Pura Pakualaman, salah satu warisan budaya Yogyakarta yang memiliki nilai historis yang tinggi dan memiliki kisah kemunculan yang unik. Kemunculan yang bukan disebabkan oleh ambisi politik “devide et impera” (politik pecah belah), melainkan sebagai penguatan landasan dua pilar dari “keistimewaan” yang disandang oleh Daerah Istimewa Yogyakarta, selain Kraton Ngayogyakarta. Menurut catatan sejarah, Pura Pakualaman dibangun sekitar abad ke-18 dibawah kepemimpinan K.G.P.A. PAKU ALAM I.
Di manakah Pura Pakualaman?
Terletak di kawasan Kota Yogyakarta, lebih tepatnya di Kelurahan Purwokinanti dan sebagian masuk wilayah Kalurahan Gunungketur, Kecamatan Pakualaman, membuat lokasi Pura Pakualaman tidak berjarak terlalu jauh dengan Kraton Ngayogyakarta (sekitar 2 km). Selain itu, cakupan area Pakualama cukup luas, yaitu 54.238 m2.
Apa yang membuatnya unik?
Pertama, berbeda dengan Kraton Ngayogyakarta yang menghadap ke arah utara atau ke Gunung Merapi, Pura Pakualaman menghadap arah sebaliknya, yaitu selatan.
Kedua, memiliki ritual adat Labuhan tiga gunungan sebagai bentuk rasa syukur kepada Tuhan YME. Ritual ini dilakukan setiap 10 Sura di Pantai Glagah.
Ketiga, memiliki corak batik khas Pura Pakualaman yang tentunya berbeda dengan batik Kraton maupun daerah lainnya.

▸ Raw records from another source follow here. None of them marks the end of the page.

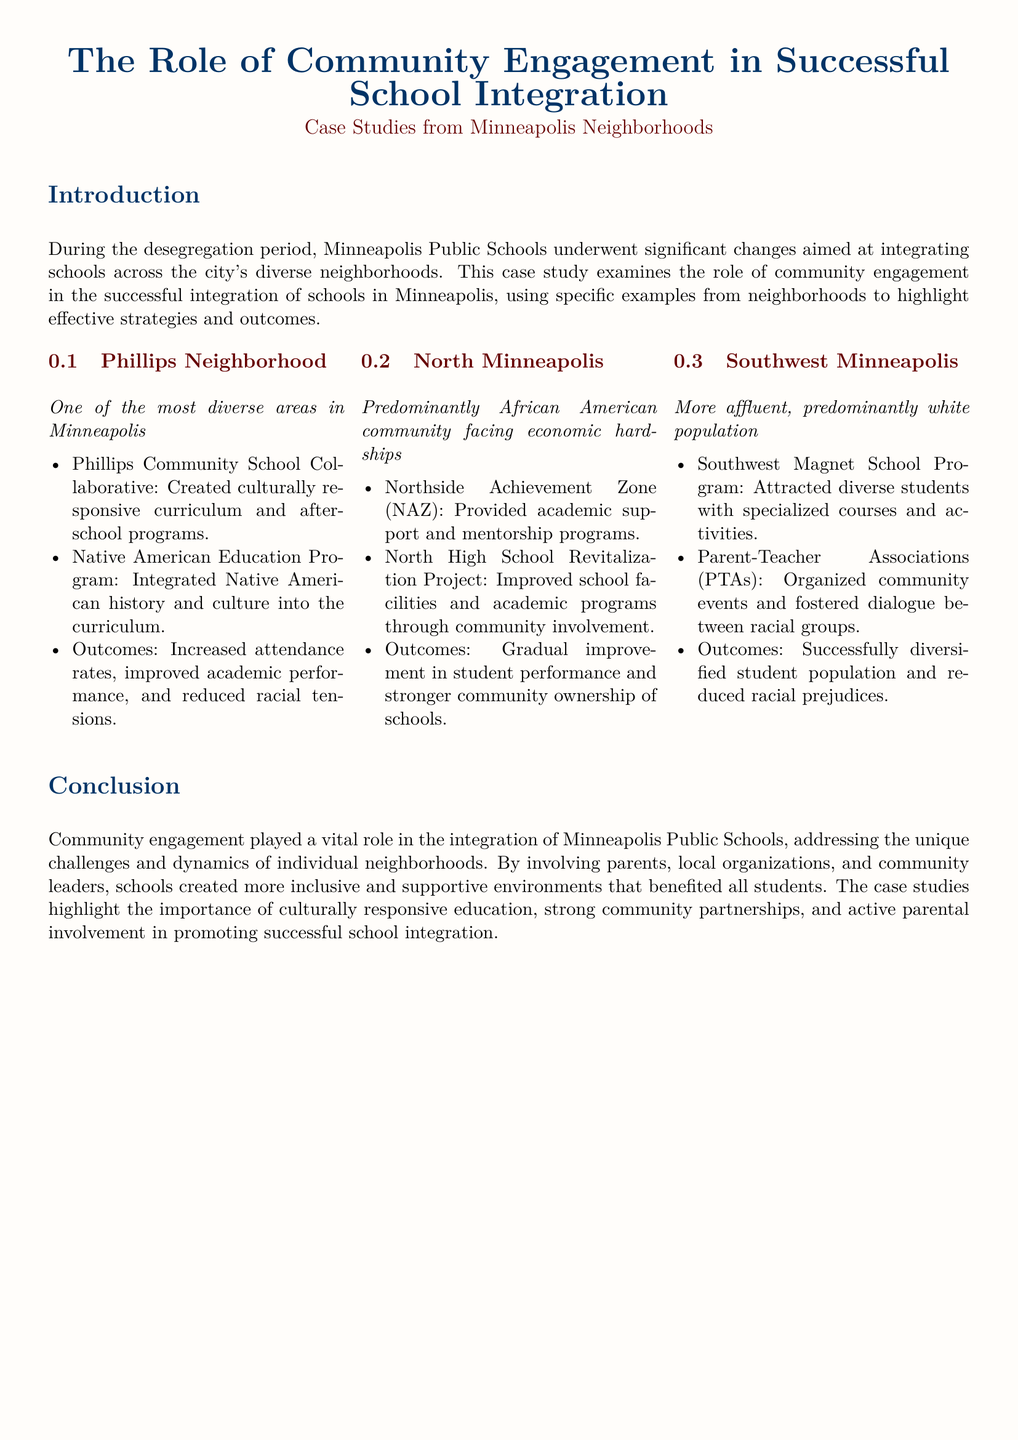What is the focus of the case study? The case study examines the role of community engagement in the successful integration of schools in Minneapolis.
Answer: Community engagement Which neighborhood is described as one of the most diverse areas in Minneapolis? It is specified in the case study that Phillips Neighborhood is one of the most diverse areas.
Answer: Phillips Neighborhood What program was implemented in North Minneapolis to provide academic support? The document mentions the Northside Achievement Zone (NAZ) as the program for academic support.
Answer: Northside Achievement Zone What was an outcome of the Phillips Community School Collaborative? The outcomes noted include increased attendance rates and improved academic performance.
Answer: Increased attendance rates What initiative was taken in Southwest Minneapolis to attract diverse students? The Southwest Magnet School Program was introduced to attract diverse students.
Answer: Southwest Magnet School Program Which community initiative aimed to integrate Native American history into the curriculum? The case study mentions the Native American Education Program for this purpose.
Answer: Native American Education Program What was the main focus of the North High School Revitalization Project? The project focused on improving school facilities and academic programs through community involvement.
Answer: Improving school facilities What type of organizations played a critical role in community engagement, as noted in the conclusion? The conclusion specifies that local organizations played an important role in community engagement.
Answer: Local organizations What was one outcome of parental involvement in schools according to the case study? The document states that parental involvement helped create more inclusive and supportive environments.
Answer: More inclusive environments

Corak batik khas ini terinspirasi dari naskah manuskrip karya raja-raja Pakualaman.
Keempat, memiliki total 251 manuskrip, buku cetak yang dibuat kisaran tahun 1900-1950, dan baru-baru ini ditemukan manuskrip Alquran kuno di Masjid Besar Pakualaman dengan terjemahan aksara Jawa (pegon) yang diperkirakan telah berusia ratusan tahun.
Apa yang akan kamu lihat?
Bagian dalam: Arsitektur pura meliputi seni bangunan dengan desain ukiran khas Yogyakarta yang didominasi warna putih hijau. Nilai seni dan sejarah tinggi yang tertuang pada keseluruhan bangunan membuatnya dimasukkan dalam cagar budaya Yogyakarta. Koleksi kereta kuda dan mobil raja-raja Pakualaman serta benda-benda bersejarah yang tersimpan dalam museum di dalam pura juga tidak kalah menarik.